Cory Vance • August 17, 2018

If you have no desire at all to qualify for a mortgage, here are some great ways to make sure you don’t accidentally end up buying a house and taking out a mortgage to do so.

One of the best ways to ensure you won’t qualify for a mortgage is to be unemployed. Yep, banks hate lending money to unemployed people! Okay, so you have a job. Well, that’s okay, you can always unexpectedly quit your job just as you are trying to arrange financing! Even if you are making a lateral move, or taking a better job than the one you have now, that’s cool… any change in employment status while you are looking to get a mortgage will most likely wreck your chances of getting a mortgage for a while. This is because lenders want to see stability; they want to know that you have been in your current position for some time, that you are past probation, and that everything is working out well. By changing jobs right when you are looking to buy a property, you won’t instil the lender with confidence, and they probably won’t give you a mortgage. Mission accomplished.

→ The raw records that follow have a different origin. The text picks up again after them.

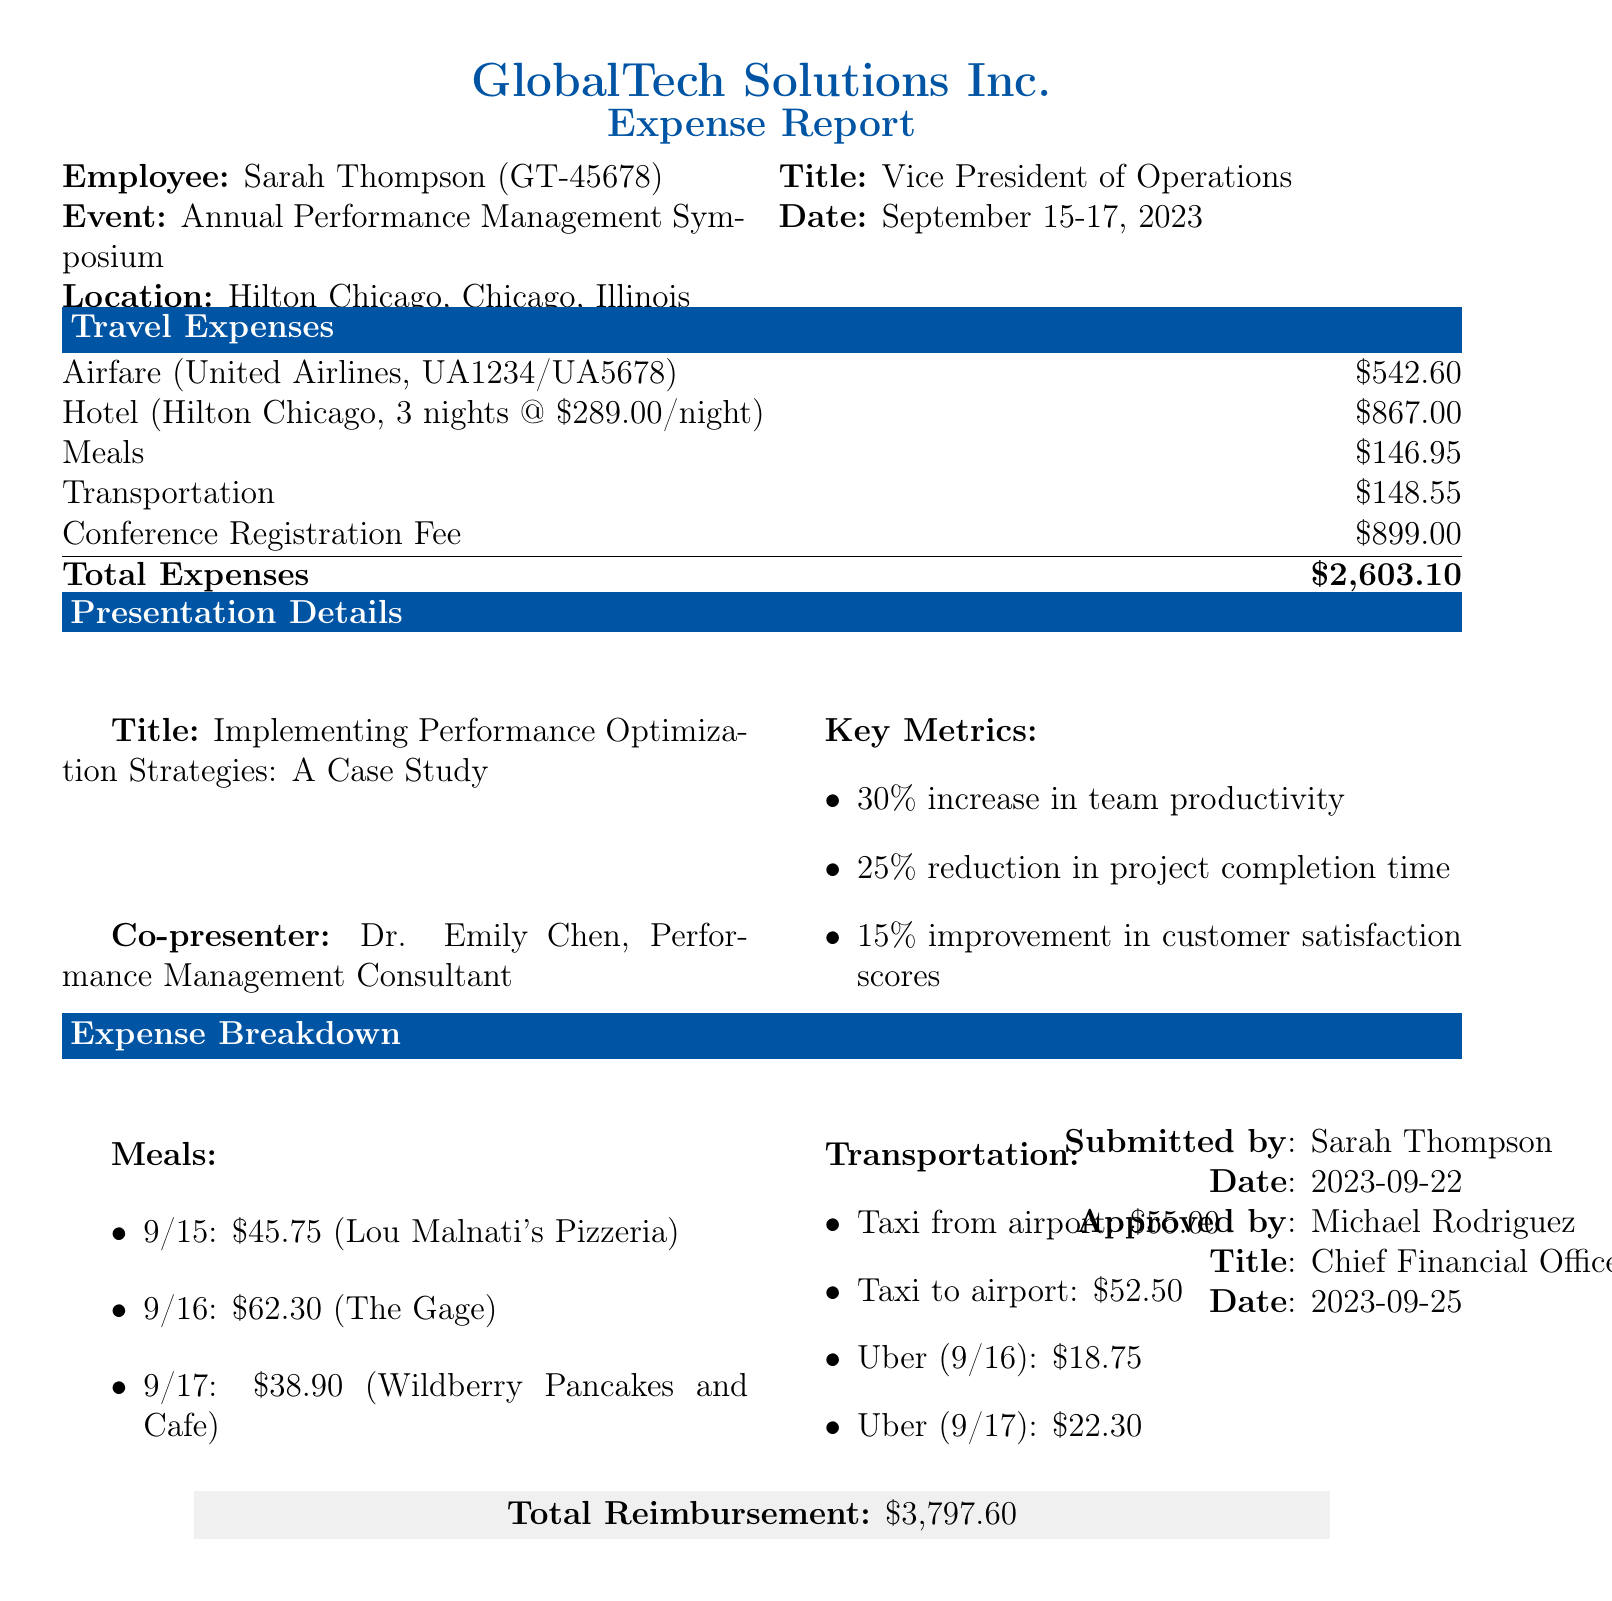What is the name of the traveler? The traveler's name is mentioned in the "traveler_info" section of the document.
Answer: Sarah Thompson What was the conference location? The conference location is specified in the "conference_details" section of the document.
Answer: Hilton Chicago, Chicago, Illinois How much did the transportation cost in total? The total transportation cost is detailed in the "travel_expenses" section.
Answer: 148.55 Who approved the expense report? The approver's name is listed under "approval_info" in the document.
Answer: Michael Rodriguez What is the total reimbursement amount? The total reimbursement amount is summarized in the "expense_summary" section.
Answer: 3,797.60 What is the title of the presentation? The presentation title is found in the "presentation_details" section of the document.
Answer: Implementing Performance Optimization Strategies: A Case Study How many nights did the traveler stay at the hotel? The number of nights stayed is specified in the "hotel" section under "travel_expenses".
Answer: 3 What key metric shows improvement in customer satisfaction scores? The improvement in customer satisfaction scores is included in the "key_metrics" under "presentation_details".
Answer: 15% improvement What date was the expense report submitted? The submission date is mentioned in the "approval_info" section of the document.
Answer: 2023-09-22 
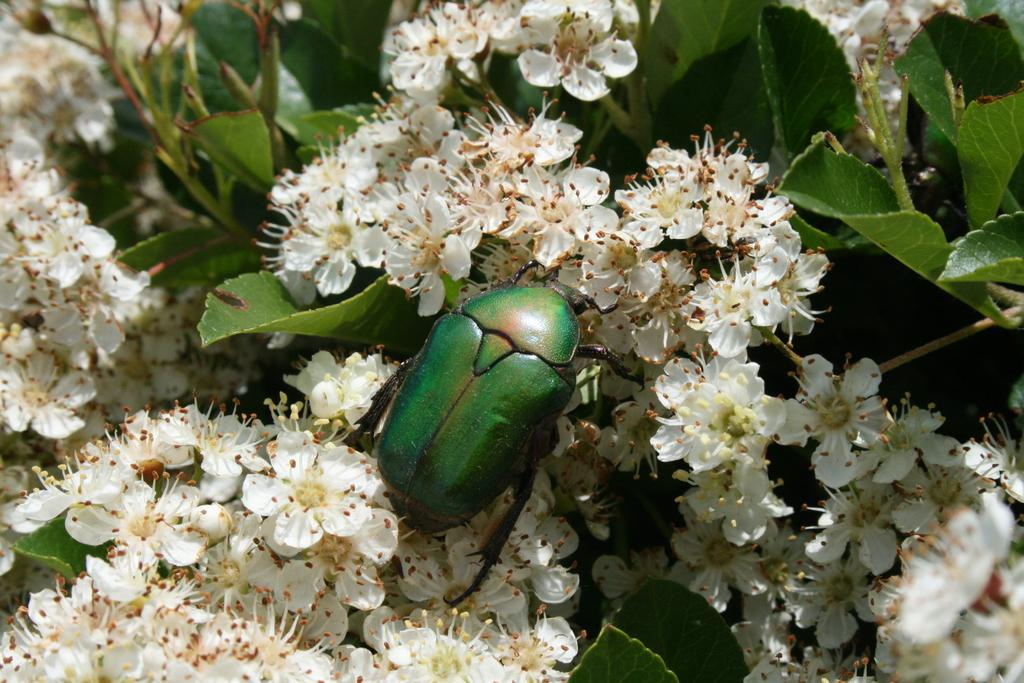What is the main subject in the center of the image? There is an insect in the center of the image. What can be seen in the background of the image? There are plants and flowers in the background of the image. What type of vein is visible in the image? There is no vein visible in the image; it features an insect and plants in the background. How many plantations are present in the image? There is no plantation present in the image; it features an insect and plants in the background. 
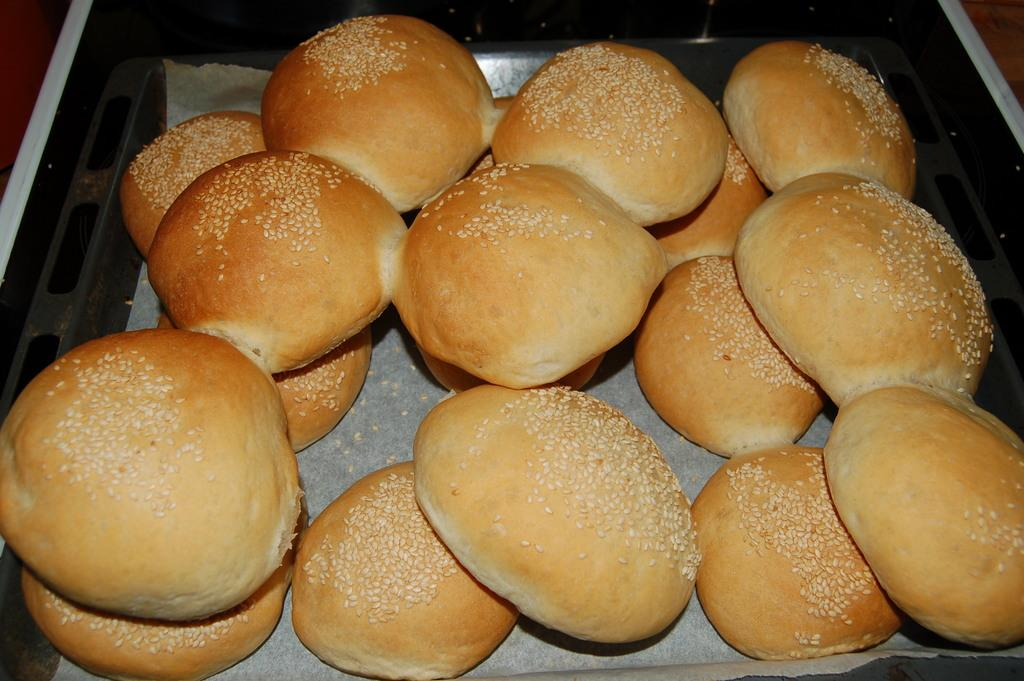What type of food can be seen in the image? There are buns in the image. What else is present in the image besides the buns? There is paper in the image. How are the buns and paper arranged in the image? The buns and paper are in a container. What direction is the cactus facing in the image? There is no cactus present in the image.

Don’t wanna buy a house? Well, then it’s best you don’t save any money. Better yet, you should probably borrow as much money on credit as you can. One of the main qualification points on a mortgage is called your debt-service ratio. Simply put, the more money you owe in consumer debt, the less money you will qualify to borrow on a mortgage, because your ratio of income compared to your debt is higher when you owe more money. Consider this permission to go and finance a Harley-Davidson. Do it, right now. Not a big fan of motorcycles? That’s cool; a Ford 150 should do the trick nicely. The key here is to make sure you add as much monthly payment as you can. The bigger the payment, the better.

But let’s say that unfortunately your debt-service ratios are in line, you have been able to save up the necessary 5% down payment, and you are on your way to buying a house. What do you do? Ugly documentation! A great way to make sure your lender feels uncomfortable is to have really terrible bank statements. Typically when proving your down payment, the lender will require 90 days’ history of your account(s), with your name on the statement, showing that you have accumulated the down payment over time. Want to really mess things up? Make sure there are lots of deposits over $1000 that can’t be substantiated. This will look like money laundering. If that doesn’t work, you can always black out your “personal information.” Just use a black Sharpie and make your bank statements look like a classified FBI document. Lenders hate that!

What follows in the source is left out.